### Your objective
Please set out each line below exactly as it stands, without the images.

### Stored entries

--------------------------------

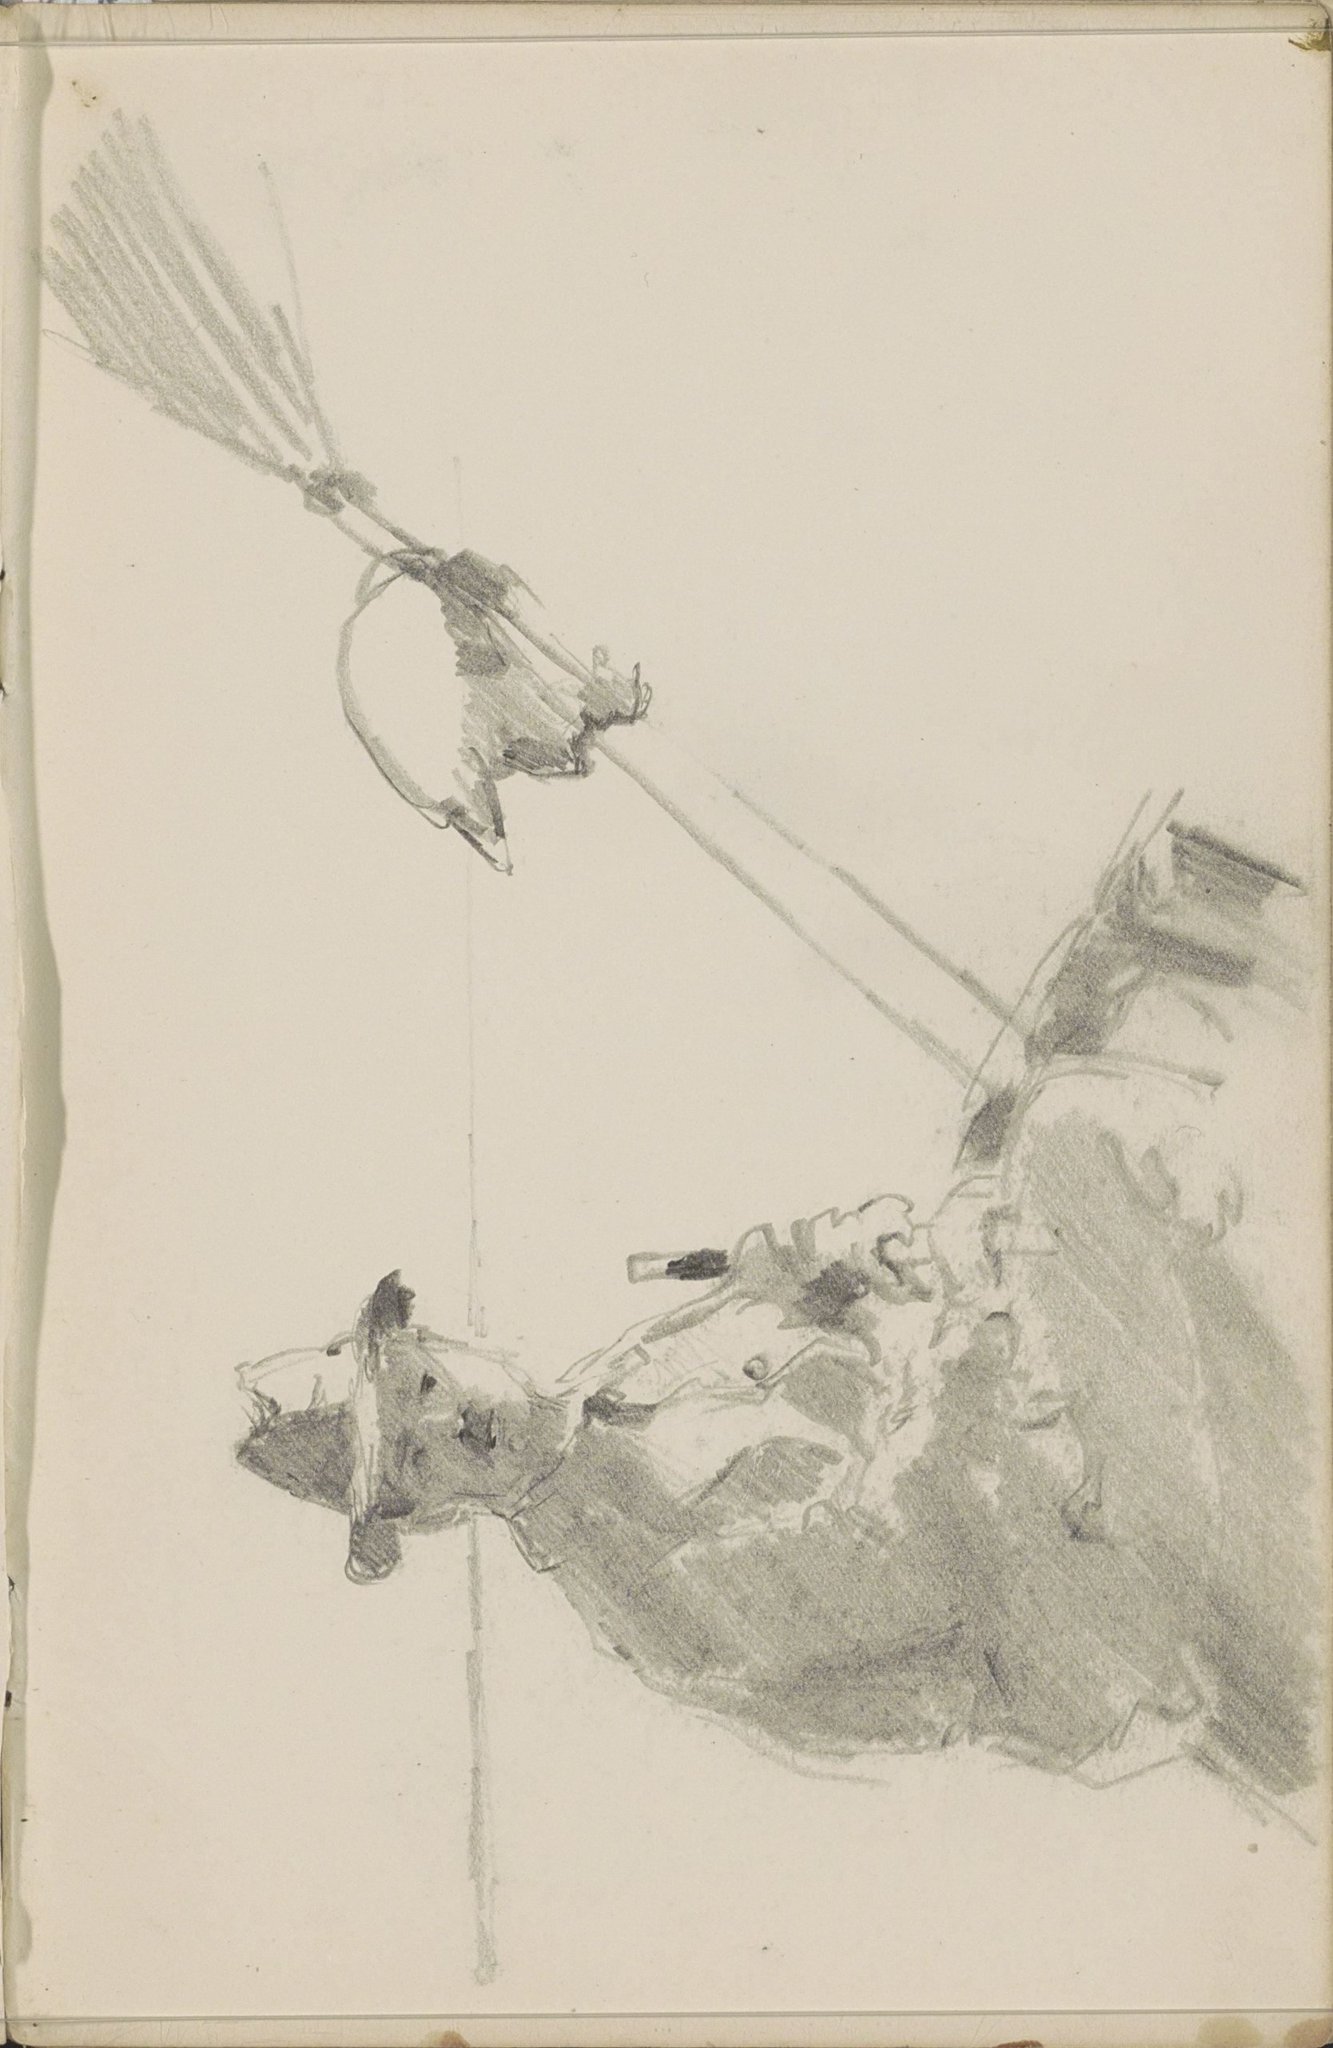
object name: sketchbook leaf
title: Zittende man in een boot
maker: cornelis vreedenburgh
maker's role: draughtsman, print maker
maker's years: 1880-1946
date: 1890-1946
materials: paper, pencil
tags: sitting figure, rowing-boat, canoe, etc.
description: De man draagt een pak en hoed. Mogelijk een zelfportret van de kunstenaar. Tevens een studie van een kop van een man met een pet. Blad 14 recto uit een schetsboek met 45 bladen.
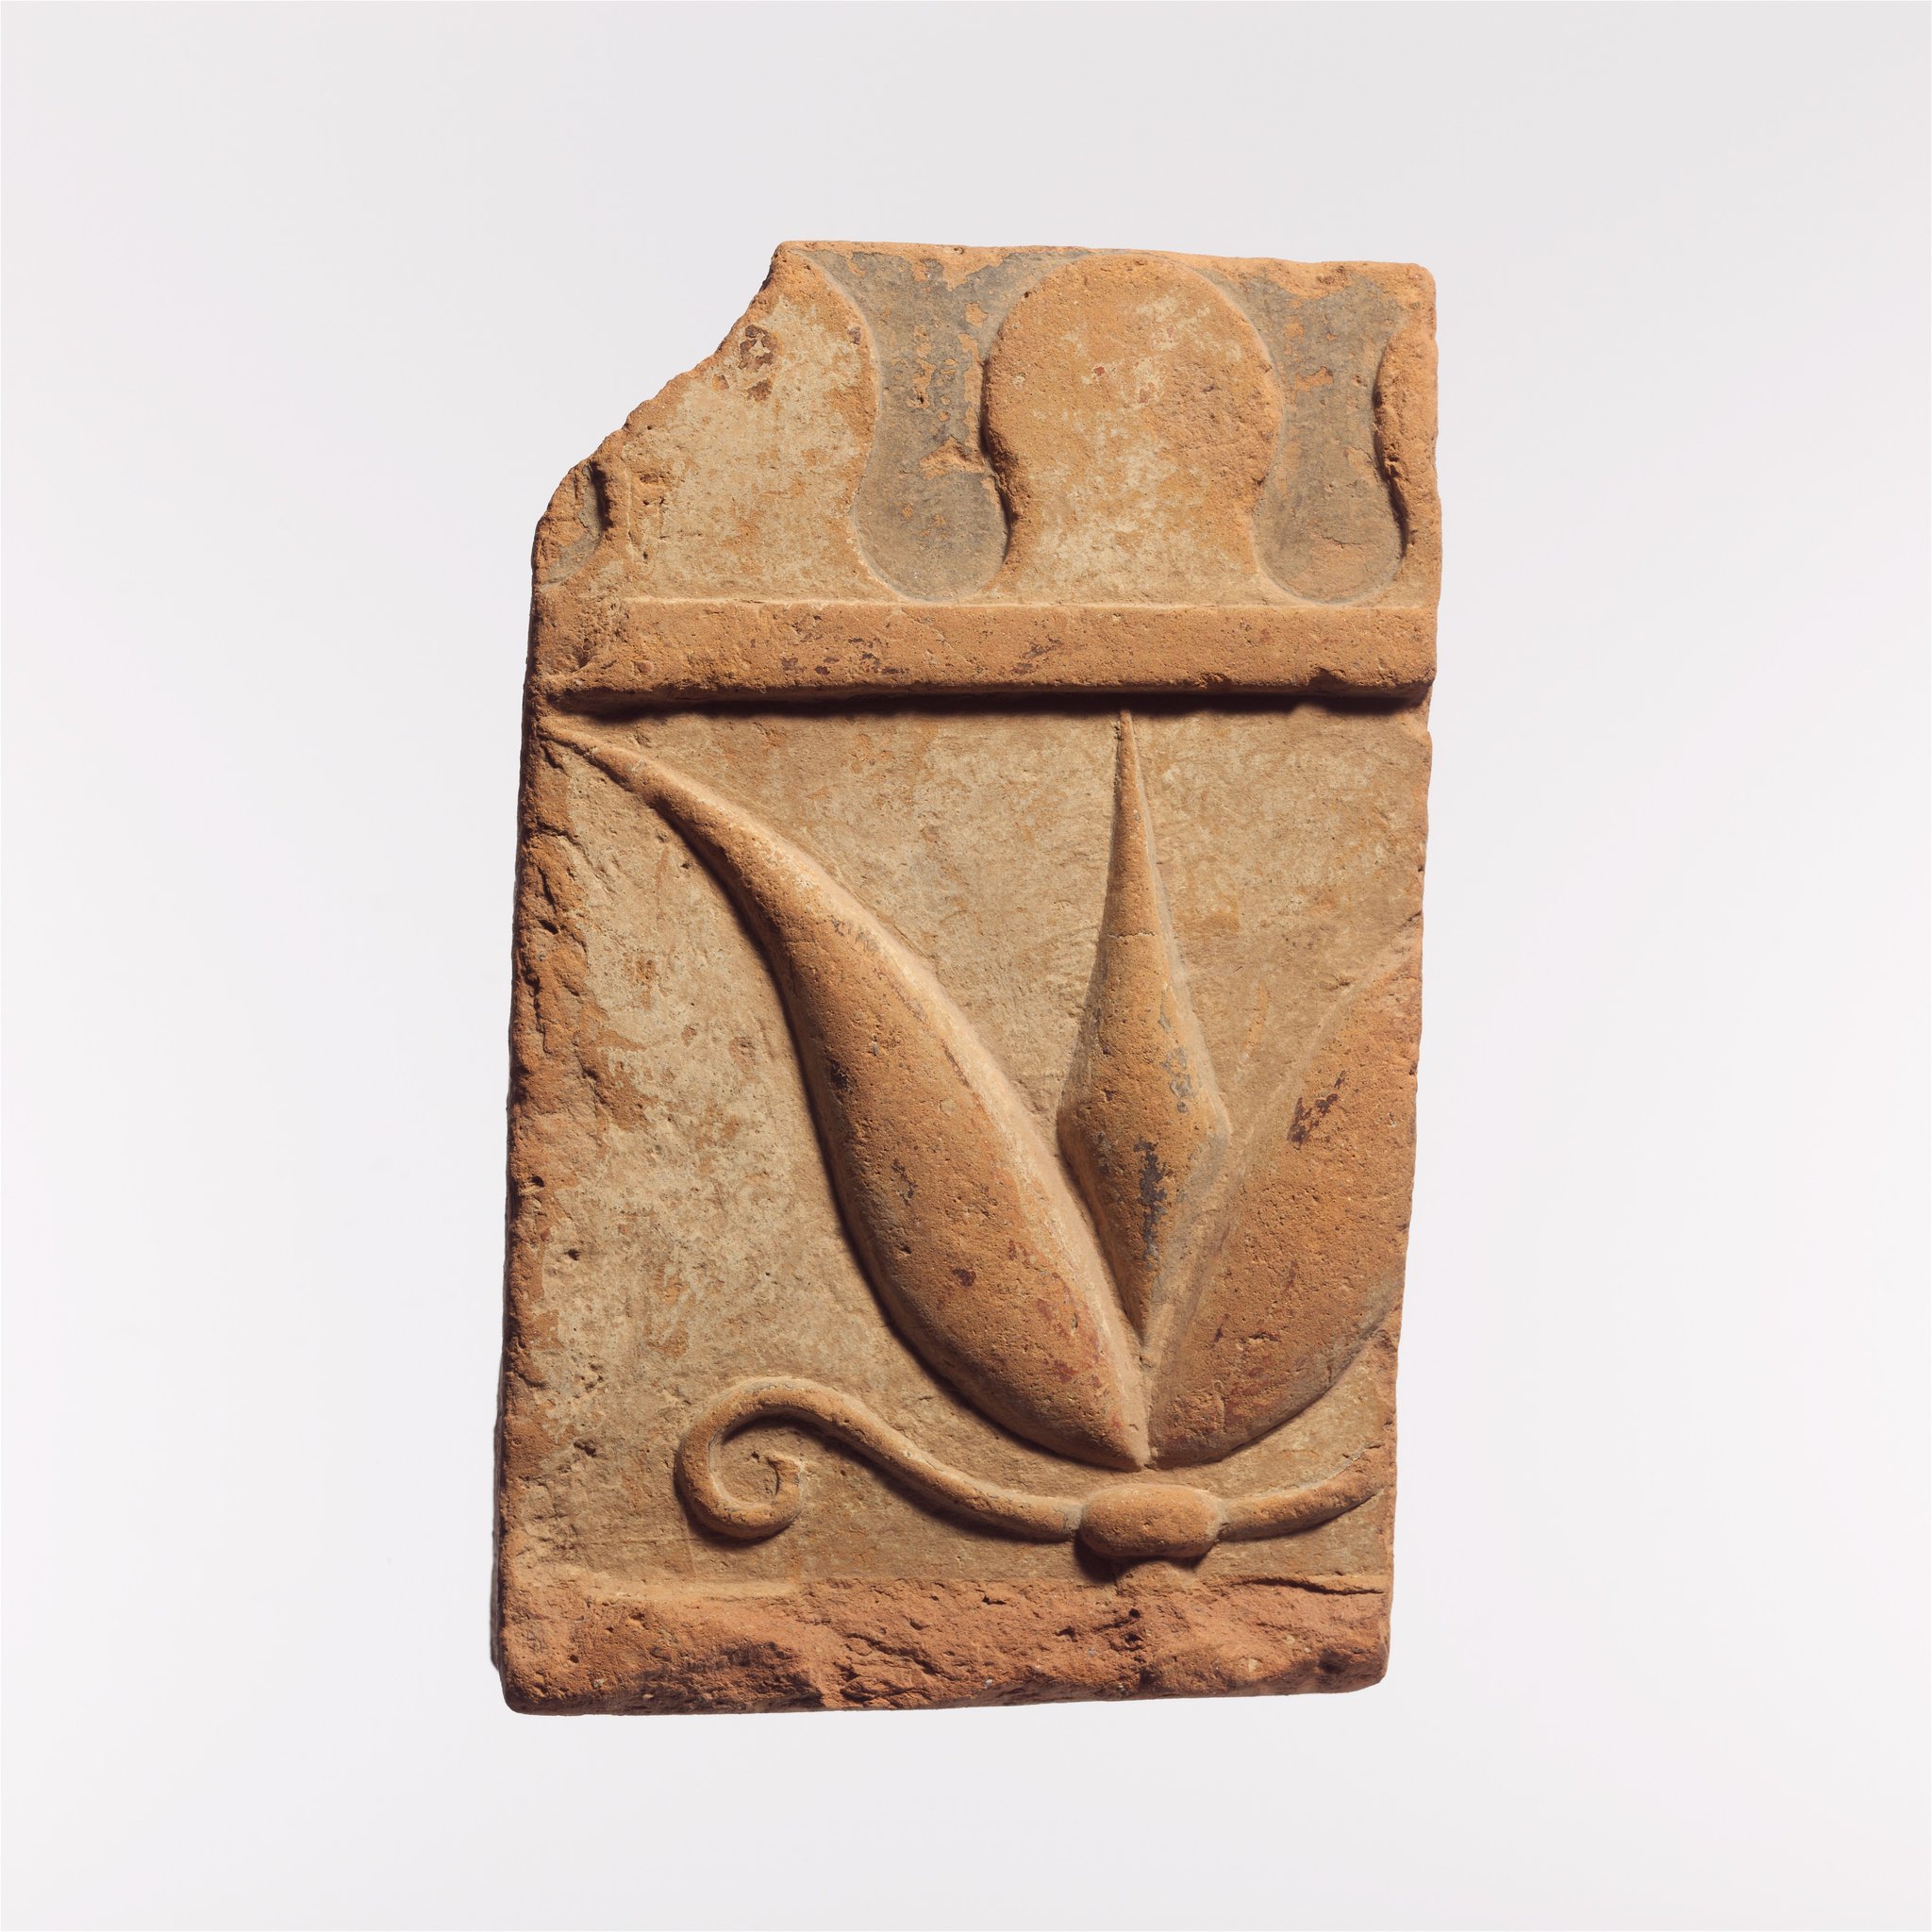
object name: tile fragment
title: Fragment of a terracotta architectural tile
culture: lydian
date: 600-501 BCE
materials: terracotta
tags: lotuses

--------------------------------

### Response
object name: sketchbook leaf
title: Zittende man in een boot
maker: cornelis vreedenburgh
maker's role: draughtsman, print maker
maker's years: 1880-1946
date: 1890-1946
materials: paper, pencil
tags: sitting figure, rowing-boat, canoe, etc.
description: De man draagt een pak en hoed. Mogelijk een zelfportret van de kunstenaar. Tevens een studie van een kop van een man met een pet. Blad 14 recto uit een schetsboek met 45 bladen.
object name: tile fragment
title: Fragment of a terracotta architectural tile
culture: lydian
date: 600-501 BCE
materials: terracotta
tags: lotuses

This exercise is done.